Ysla, una experiencia poética

Se está bien aquí, al calor de esta cueva de certezas, al soco de un pecio y compartiendo cielo con cientos de postales. Pero me pregunto si conocemos el lugar en el que estamos, si sabemos qué hacemos aquí; si reconocemos, acaso, allá al fondo, las sombras que ocultan el origen de la luz… En lo que a mí respecta, he venido a hablar de la extrema lentitud y pesadez de mis pasos, de preguntas y respuestas, de la voluntad de abandonar a su suerte las sombras de esta caverna, y de un viaje que no cesa en ese instante en que la isla se transforma… Aquí el asombro nos acompaña siempre, un asombro que todo alcanza y por todas partes. Sin embargo no es raro encontrarse con aquellos que ya dejaron de asombrarse, que sucumbieron a las promesas de las sirenas o a la modorra de Onán, ese hábito del poeta, del escritor o del crítico (del artista) hipnotizado por su propia mano… Para nosotros esta puede ser la peor condena, abandonarse por completo al delirio localista, formar pequeñas repúblicas o reinos, rebaños donde no exista la posibilidad de discrepar, de dibujar y compartir otras y nuevas miradas y provocaciones; idolatrar falsas certezas…

La Ysla es esa multidimensión que niega todo límite cuando, frente al océano, toma sentido el tiempo, condensado como se halla en este mundo al que algunos denominan «rodeado de mar por todas partes».          Sin duda, la Ysla es un lugar inabarcable en el que todos caben, una maravilla que podemos tomar prestada a diario y más allá de apresuradas etiquetas y marcas. La Ysla (con “i griega”) es la curvatura de un día a día que exige humildad, sacrificio y honradez; es creación y silencio, extrañeza, paciencia y remanso, ver más allá y dejarse sorprender, conocimiento de un rumor que todo lo envuelve y en todas partes se expone a la intemperie. La isla, cuando se hace Ysla, es búsqueda y riesgo, de ahí que si se adolece de un ejercicio responsable de la reflexión y la autocrítica, la vanidad, el vacío y el folclorismo clónico aplastan el sentido de la Poesía, de la Ysla…

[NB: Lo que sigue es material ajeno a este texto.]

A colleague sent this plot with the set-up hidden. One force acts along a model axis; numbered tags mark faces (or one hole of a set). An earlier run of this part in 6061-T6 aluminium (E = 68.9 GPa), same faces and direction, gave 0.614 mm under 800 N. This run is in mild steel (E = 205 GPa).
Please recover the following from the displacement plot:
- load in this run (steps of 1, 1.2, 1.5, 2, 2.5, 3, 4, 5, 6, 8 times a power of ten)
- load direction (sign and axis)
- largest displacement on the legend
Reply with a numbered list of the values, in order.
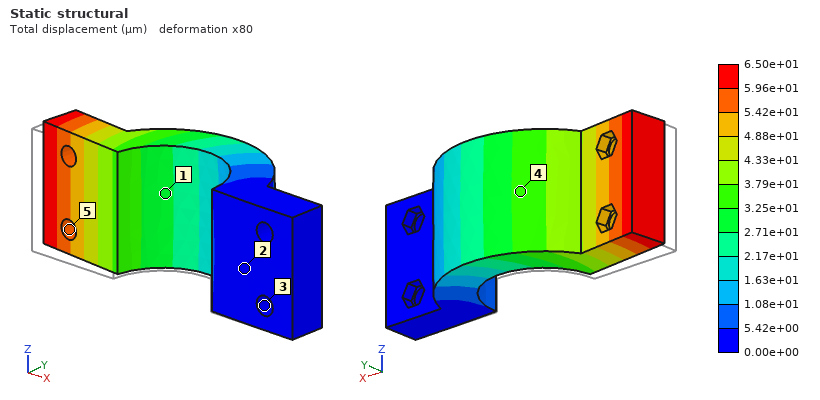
1. 250 N
2. +Y
3. 6.50e+01 µm
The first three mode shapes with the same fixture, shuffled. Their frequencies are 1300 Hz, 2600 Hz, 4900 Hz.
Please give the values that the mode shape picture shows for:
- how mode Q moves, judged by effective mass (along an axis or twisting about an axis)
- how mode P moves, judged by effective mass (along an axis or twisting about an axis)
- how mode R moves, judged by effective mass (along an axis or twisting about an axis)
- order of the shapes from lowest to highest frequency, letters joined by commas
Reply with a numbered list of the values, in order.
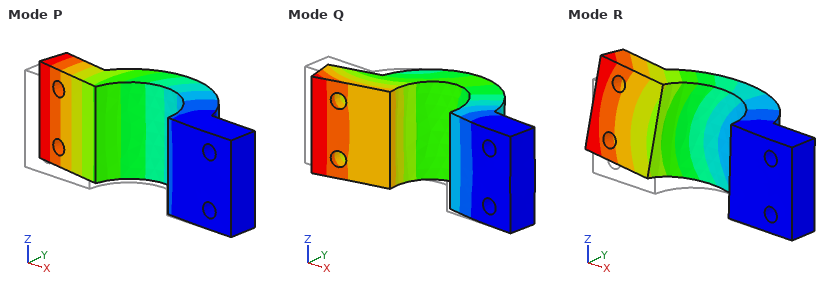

La Ysla puede provocar vértigo a aquel que la descubre por primera vez cuando, al repetir “no hay certezas” frente a los ojos, ve aparecer una cabeza que transforma el horizonte (antes recto y rígido), en un hogar oblongo, circular, curvo y sin límites. Esta nueva luz de Mafasca se aparece ante nosotros, en ese instante, para mostrarnos lo pequeño de nuestros pasos, este mundo inaudito, tremendo y hermoso que es, en verdad, la Ysla. Nos hace sentir muy pequeños… Ante esta visión, el recién llegado e, incluso, en ocasiones, aquel que la habita, se estremece, teme darse cuenta de que apenas sí sabe algo. A unos y a otros la ola los coge por la espalda, los sacude y, entonces, cuando pueden recuperarse del revolcón, corren en busca de quehaceres más prosaicos, de falsas certezas en la tradición, en las convenciones literarias, en la seguridad de un rebaño. Y así es que en la Ysla unos se aferran a lo conocido, a las voces que les dictan tal o cual camino, mientras otros recorren libres todas las dimensiones, llevan su isla a todas partes, viajan por la calle como unidades fugaces que buscan, a diario, el borde de las lenguas extáticas en la orilla. En la Ysla el tiempo mismo llega a reconocer su inexistencia, cuando los días se hacen años y los años toda una vida; y la vida, un todo que nos supera, un buen puñado de hojas en la orilla sobre la arena, una multitud de espejos que nos muestran, a nosotros y al visitante, las maletas que cargamos, las cadenas…

Cuanto más se camina en la Ysla, más se acrecienta la propia desnudez del que avanza, más se transmuta en creación y luz la urdimbre que convulsiona la mirada tras los ojos. Y, así, el mar pasa a ser océano, y el océano existencia, ser, un lugar inabarcable, un lugar de partida y llegada; siempre ahí, y en todas partes.